Una chica de unos 18 o 19 años dijo en la sala de estar, y luego saludó a Sang Ye: "Hermana, eres realmente algo.
No nos lo dijiste con antelación cuando llegaste a casa".
Sang Ye la ignoró y entró.
No vino aquí para pelearse con esta persona hoy.
Lo que quería eran las cosas que su madre le había dejado.
Tan pronto como llegó a la sala de estar, los ojos serios del padre de Sang se posaron en ella, y claramente tenía una opinión sobre ella: "¿Aún sabes que debes volver?" "Vine a recuperar las cosas que mi madre me dejó".
Sang Ye fue directo al grano y no perdió el tiempo con él: "Has estado arrastrando esta cosa durante cuatro años, es hora de dármela".
"Si quieres esta cosa, sigue mis arreglos".
El padre de Sang tiene un fuerte deseo de control y machismo: "La familia Zhou me habló de tu matrimonio hace dos días.
Si aceptas casarte con ellos, te daré las cosas como dote".
Para el padre de Sang.
Sang Ye solo tiene un valor en el matrimonio.
Ya tiene una nueva familia, por lo que, naturalmente, no le importa si Sang Ye, su hija, será filial en el futuro.
"Esa cosa originalmente me pertenecía", recordó Sang Ye.
El padre Sang miró con una sensación de opresión, y el aura a su alrededor era muy fuerte.
Se puede ver que estaba un poco enojado.
"Hermana, esto es lo que hiciste mal".
La pequeña hija del padre Sang se acercó y causó problemas como de costumbre: "Aunque esa cosa te la dejó tu madre, tu madre está bajo el control de tu padre, por lo que sus cosas son naturalmente de tu padre".

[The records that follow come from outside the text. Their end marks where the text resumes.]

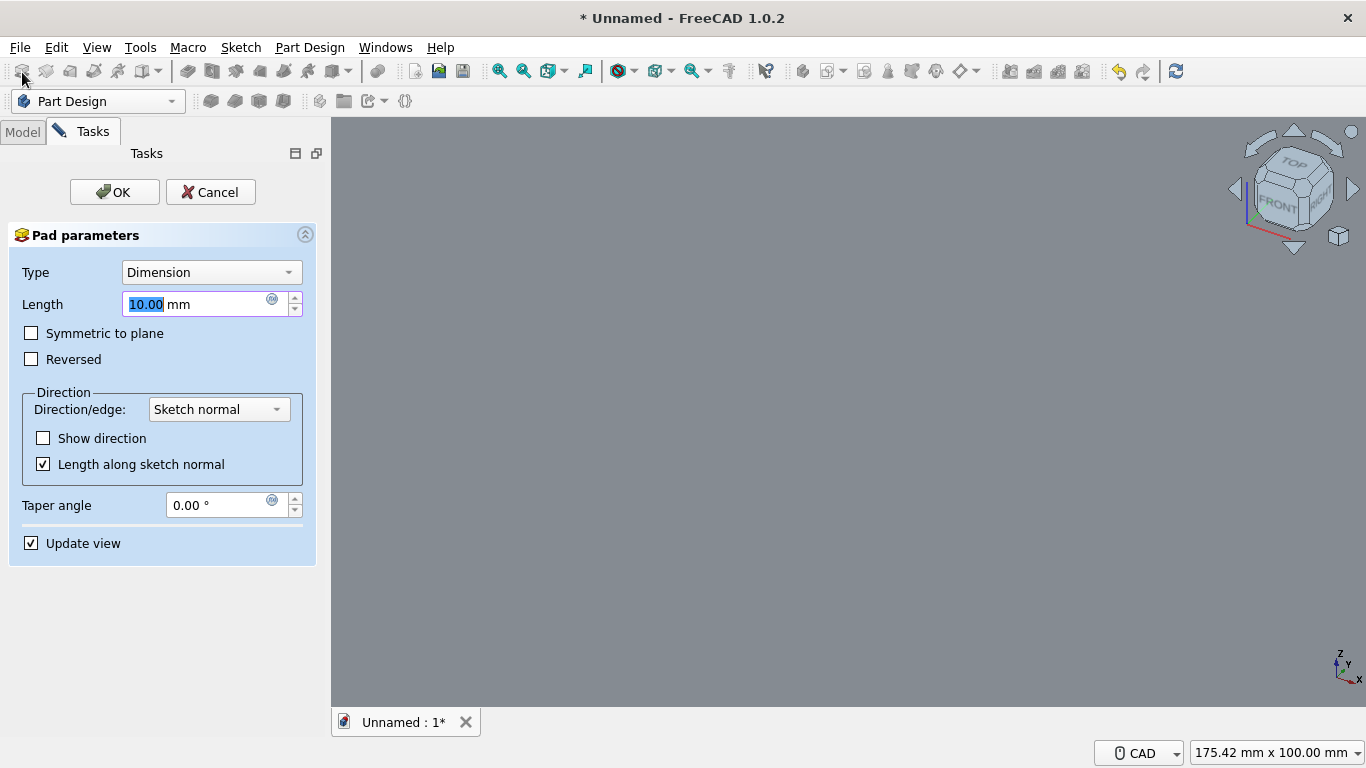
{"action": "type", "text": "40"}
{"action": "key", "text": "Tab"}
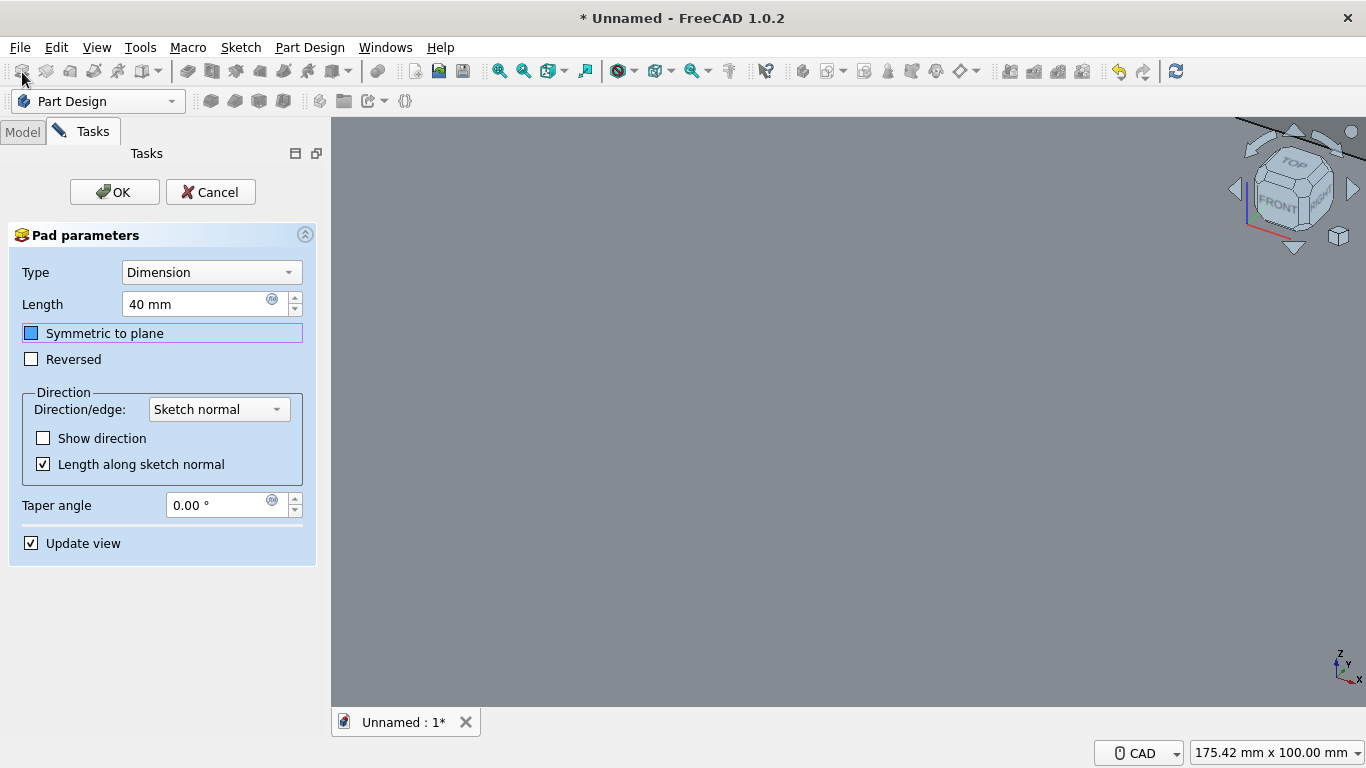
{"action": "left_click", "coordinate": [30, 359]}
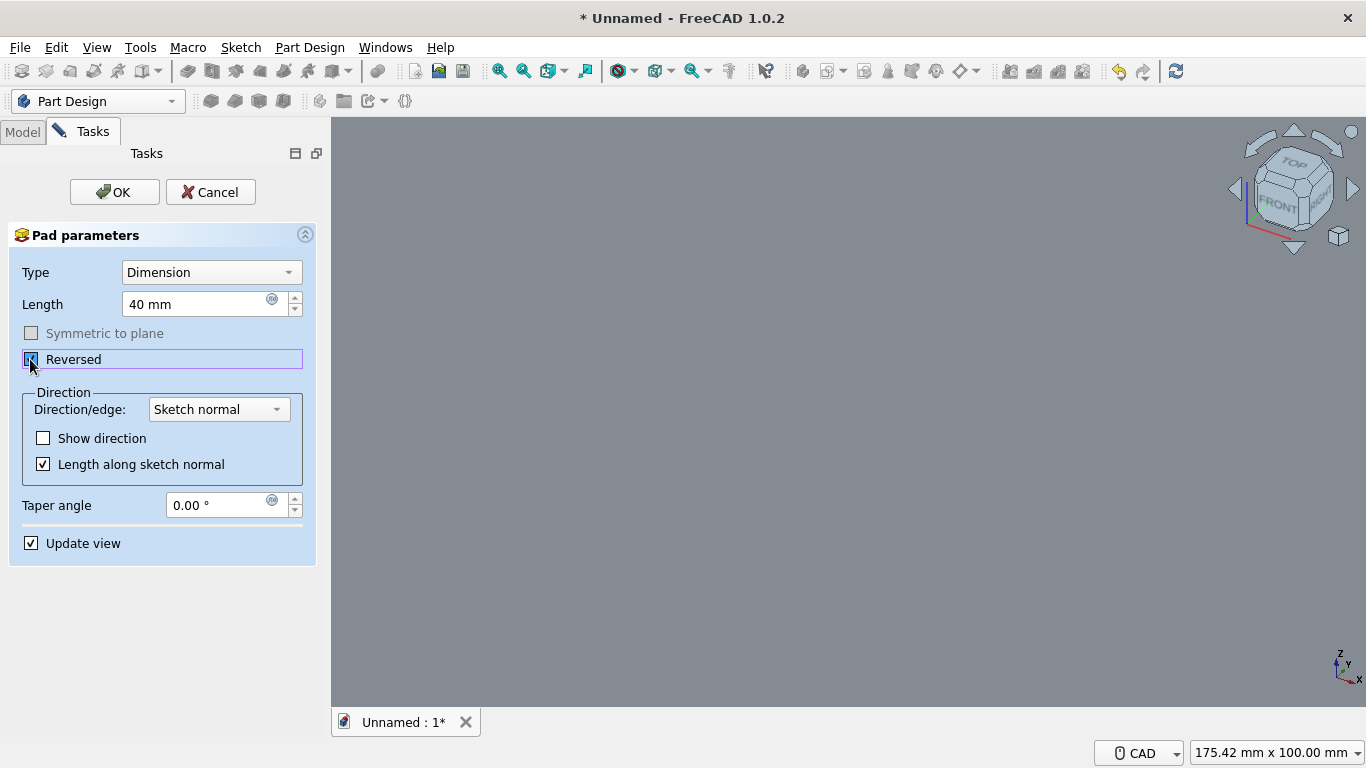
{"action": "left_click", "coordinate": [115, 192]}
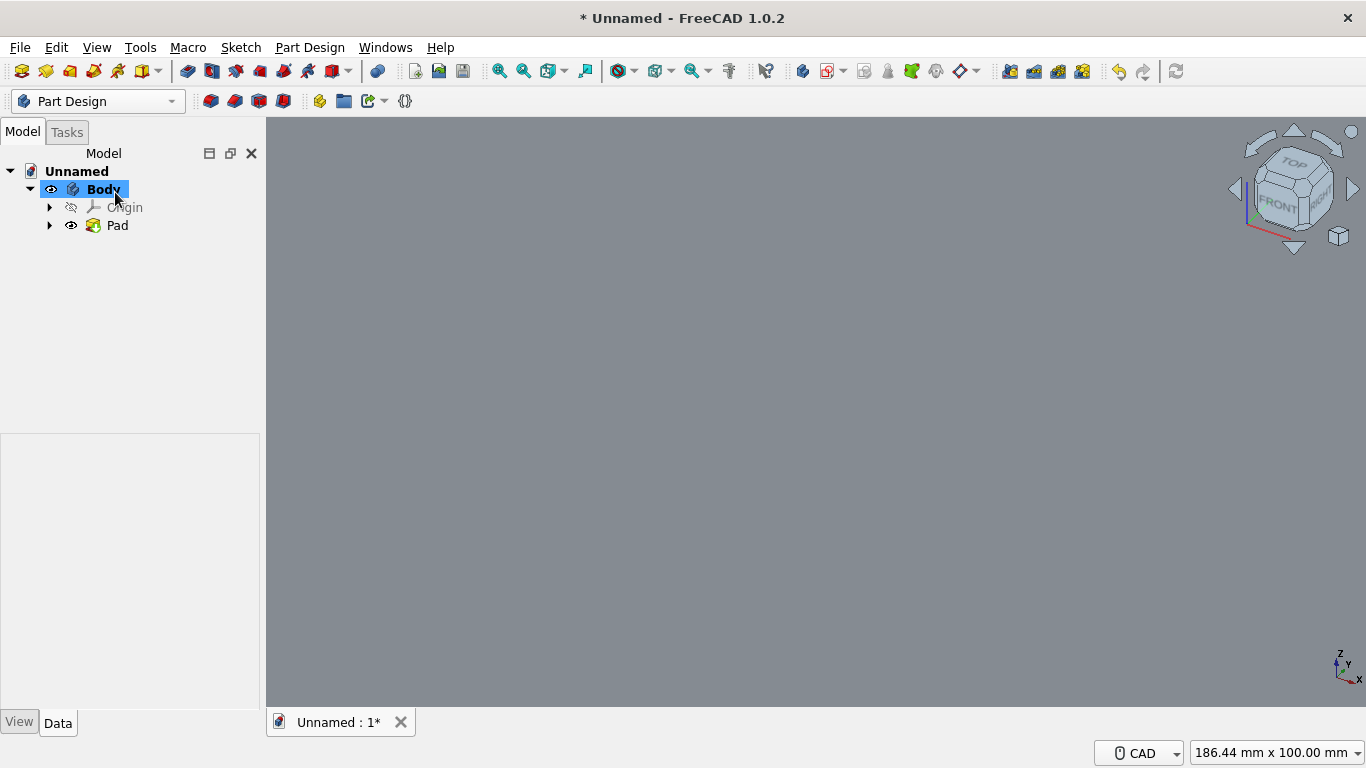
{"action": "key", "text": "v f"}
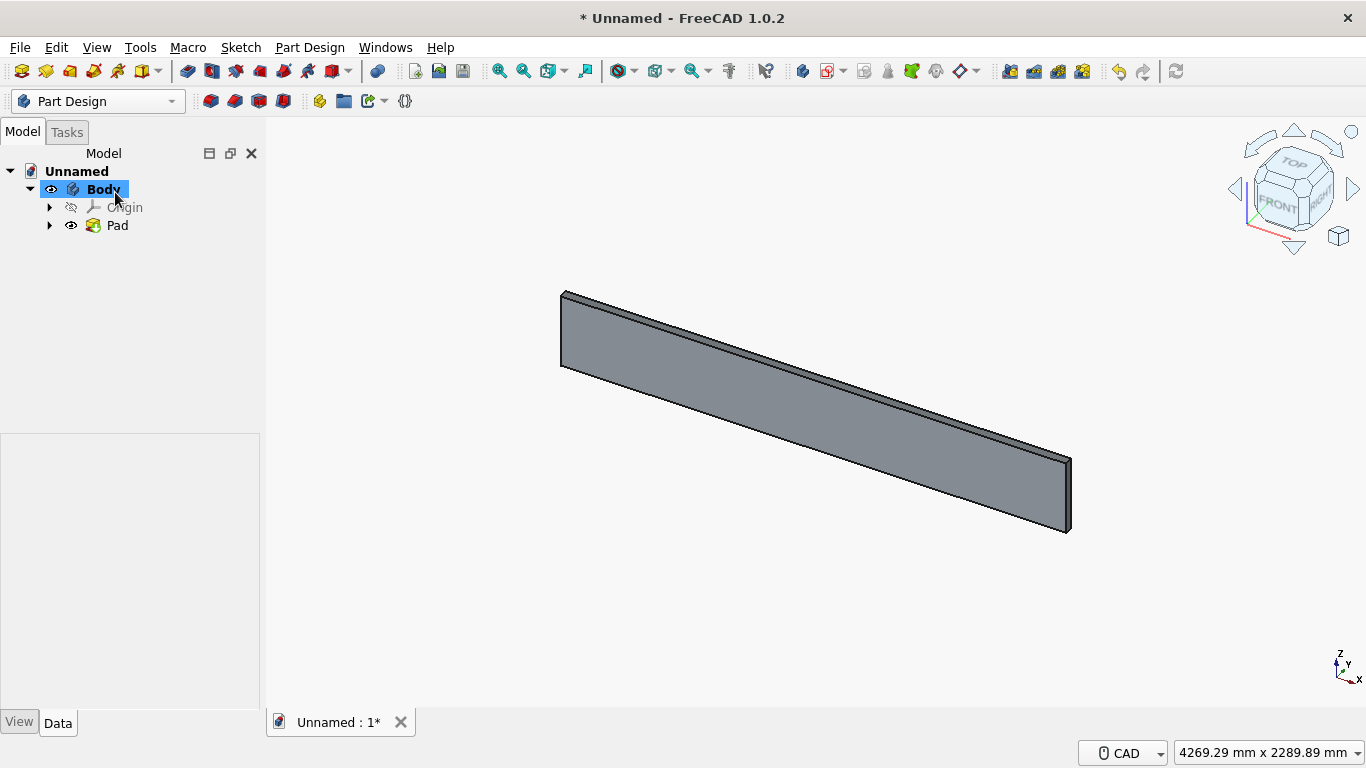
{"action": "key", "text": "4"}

Sang Ye miró con ojos fríos.
El padre Sang dejó la revista financiera en su mano y las gafas en su rostro lo pusieron más serio: "Xiao Yue entiende la verdad, pero tú, como hermana, ¿no la entiendes?" "Dásela o no".
Sang Ye no quería hablar tonterías con él en absoluto.
"Dije que esa cosa solo te será entregada como tu dote".
El padre Sang solo quería controlarla y exprimir su último valor: "Aparte de eso, ni siquiera pienses en conseguirla".
"Da la casualidad de que recibiré el certificado de matrimonio con mi prometido en dos días".
Sang Ye extendió la mano para dejarles ver el anillo en su dedo: "Ahora es perfecto para mí como dote".
Tan pronto como dijo esto, todos en la sala de estar la miraron.
Incluso había un atisbo de ira en los ojos sin fondo del padre Sang.
Sang Yue no lo creyó en absoluto, y solo pensó que se compró un anillo y regresó para mentir: "Hermana, no bromees, con tu personalidad aburrida, ¿a quién le gustarías?" Sang Ye la ignoró.
Su indiferencia hizo que Sang Yue se sintiera muy avergonzada.
Ella le dijo al padre de Sang, claramente no queriendo que Sang Ye tuviera un momento fácil: "Papá, deberías cuidar de mi hermana.
Ella ha sido salvaje afuera estos años y dice mentiras una tras otra".
"¿Tienes un prometido?" El padre de Sang frunció el ceño y la miró.
Sang Ye asintió: "Sí".
"Quién".
El padre de Sang solo quería saber si era cierto o no.
Si era falso, se comunicaría con la familia Zhou y fijaría la fecha de la boda para las dos familias lo antes posible.
Si era cierto, lo haría falso.
Sang Ye miró su rostro serio y algo enojado, y aun así le dijo el resultado: "Qin Moyan".
Padre de Sang: "?" Sang Yue: "?" Los dos la miraron como si fuera un fantasma.
Sabían quién era Qin Moyan.
Como una de las figuras más intocables en el círculo de la capital imperial, su familia ni siquiera podía conocerlo.
¿Y él dijo que era su prometido? ¡Loco! "¿Sabes quién es Qin Moyan?" Sang Yue solo quería reírse de ella, con los ojos llenos de desprecio, "Y mucho menos una prometida, incluso si es una amante o una compañera de cama, es posible que no te quieran".
"Arreglaré un matrimonio con la familia Zhou lo antes posible".
El padre de Sang pensó que estaba loca y la ignoró: "Quédate en casa en silencio durante los próximos dos días.
Cuando te cases, te daré las cosas que tu madre te dejó".